* Records from a data collection

>>>>

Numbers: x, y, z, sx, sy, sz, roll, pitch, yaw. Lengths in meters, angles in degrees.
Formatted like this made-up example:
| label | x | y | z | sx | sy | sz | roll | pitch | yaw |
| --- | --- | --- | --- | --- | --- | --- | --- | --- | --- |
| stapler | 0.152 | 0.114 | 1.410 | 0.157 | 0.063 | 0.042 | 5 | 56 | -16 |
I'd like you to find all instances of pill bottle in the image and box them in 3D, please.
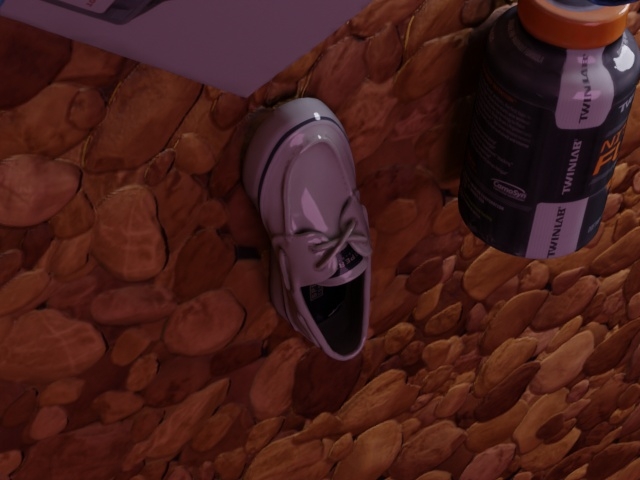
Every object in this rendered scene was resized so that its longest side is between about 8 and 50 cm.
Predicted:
| label | x | y | z | sx | sy | sz | roll | pitch | yaw |
| --- | --- | --- | --- | --- | --- | --- | --- | --- | --- |
| pill bottle | 0.193 | -0.112 | 1.420 | 0.130 | 0.130 | 0.246 | -23 | 141 | -26 |

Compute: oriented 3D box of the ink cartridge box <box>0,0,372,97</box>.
| label | x | y | z | sx | sy | sz | roll | pitch | yaw |
| --- | --- | --- | --- | --- | --- | --- | --- | --- | --- |
| ink cartridge box | -0.124 | -0.222 | 0.745 | 0.306 | 0.226 | 0.131 | 14 | 149 | -36 |

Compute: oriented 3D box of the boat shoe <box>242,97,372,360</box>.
| label | x | y | z | sx | sy | sz | roll | pitch | yaw |
| --- | --- | --- | --- | --- | --- | --- | --- | --- | --- |
| boat shoe | 0.000 | 0.000 | 1.386 | 0.096 | 0.088 | 0.267 | -26 | 142 | -22 |

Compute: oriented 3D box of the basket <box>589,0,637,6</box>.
| label | x | y | z | sx | sy | sz | roll | pitch | yaw |
| --- | --- | --- | --- | --- | --- | --- | --- | --- | --- |
| basket | 0.161 | -0.269 | 1.114 | 0.289 | 0.255 | 0.201 | -16 | 141 | -50 |
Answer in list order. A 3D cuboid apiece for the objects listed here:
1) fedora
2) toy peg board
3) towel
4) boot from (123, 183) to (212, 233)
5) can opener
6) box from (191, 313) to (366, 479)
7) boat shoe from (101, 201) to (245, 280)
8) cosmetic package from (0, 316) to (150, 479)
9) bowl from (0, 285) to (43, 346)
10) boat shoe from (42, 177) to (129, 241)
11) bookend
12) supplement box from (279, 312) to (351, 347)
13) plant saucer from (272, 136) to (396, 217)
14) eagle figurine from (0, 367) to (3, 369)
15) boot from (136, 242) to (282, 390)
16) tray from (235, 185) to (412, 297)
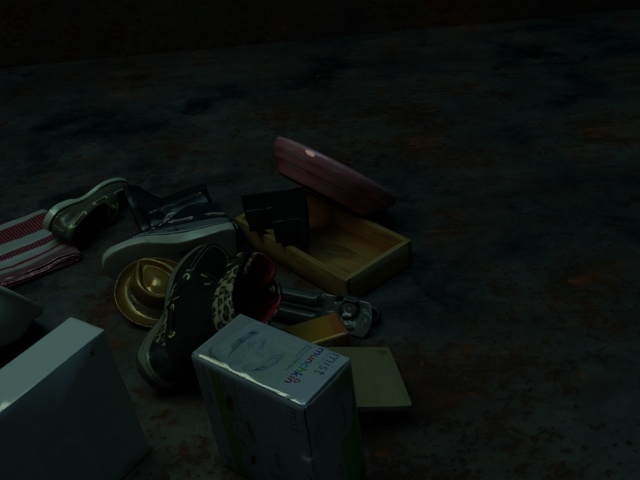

<<<<

* ACTIVITY
Copy every line above exactly; images stay out.

* REPLY
Numbers: x, y, z, sx, sy, sz, roll, pitch, yaw. Lengths in meters, angles in degrees.
Formatted like this made-up example:
| label | x | y | z | sx | sy | sz | roll | pitch | yaw |
| --- | --- | --- | --- | --- | --- | --- | --- | --- | --- |
| stapler | 0.152 | 0.114 | 1.410 | 0.157 | 0.063 | 0.042 | 5 | 56 | -16 |
I'd like you to find all instances of pill bottle in the image and box them in 3D, please.
Every object in this rendered scene was resized so that its longest side is between about 8 and 50 cm.
Predicted:
| label | x | y | z | sx | sy | sz | roll | pitch | yaw |
| --- | --- | --- | --- | --- | --- | --- | --- | --- | --- |
| pill bottle | 0.193 | -0.112 | 1.420 | 0.130 | 0.130 | 0.246 | -23 | 141 | -26 |

Compute: oriented 3D box of the ink cartridge box <box>0,0,372,97</box>.
| label | x | y | z | sx | sy | sz | roll | pitch | yaw |
| --- | --- | --- | --- | --- | --- | --- | --- | --- | --- |
| ink cartridge box | -0.124 | -0.222 | 0.745 | 0.306 | 0.226 | 0.131 | 14 | 149 | -36 |

Compute: oriented 3D box of the boat shoe <box>242,97,372,360</box>.
| label | x | y | z | sx | sy | sz | roll | pitch | yaw |
| --- | --- | --- | --- | --- | --- | --- | --- | --- | --- |
| boat shoe | 0.000 | 0.000 | 1.386 | 0.096 | 0.088 | 0.267 | -26 | 142 | -22 |

Compute: oriented 3D box of the basket <box>589,0,637,6</box>.
| label | x | y | z | sx | sy | sz | roll | pitch | yaw |
| --- | --- | --- | --- | --- | --- | --- | --- | --- | --- |
| basket | 0.161 | -0.269 | 1.114 | 0.289 | 0.255 | 0.201 | -16 | 141 | -50 |
Answer in list order. A 3D cuboid apiece for the objects listed here:
1) fedora
2) toy peg board
3) towel
4) boot from (123, 183) to (212, 233)
5) can opener
6) box from (191, 313) to (366, 479)
7) boat shoe from (101, 201) to (245, 280)
8) cosmetic package from (0, 316) to (150, 479)
9) bowl from (0, 285) to (43, 346)
10) boat shoe from (42, 177) to (129, 241)
11) bookend
12) supplement box from (279, 312) to (351, 347)
13) plant saucer from (272, 136) to (396, 217)
14) eagle figurine from (0, 367) to (3, 369)
15) boot from (136, 242) to (282, 390)
16) tray from (235, 185) to (412, 297)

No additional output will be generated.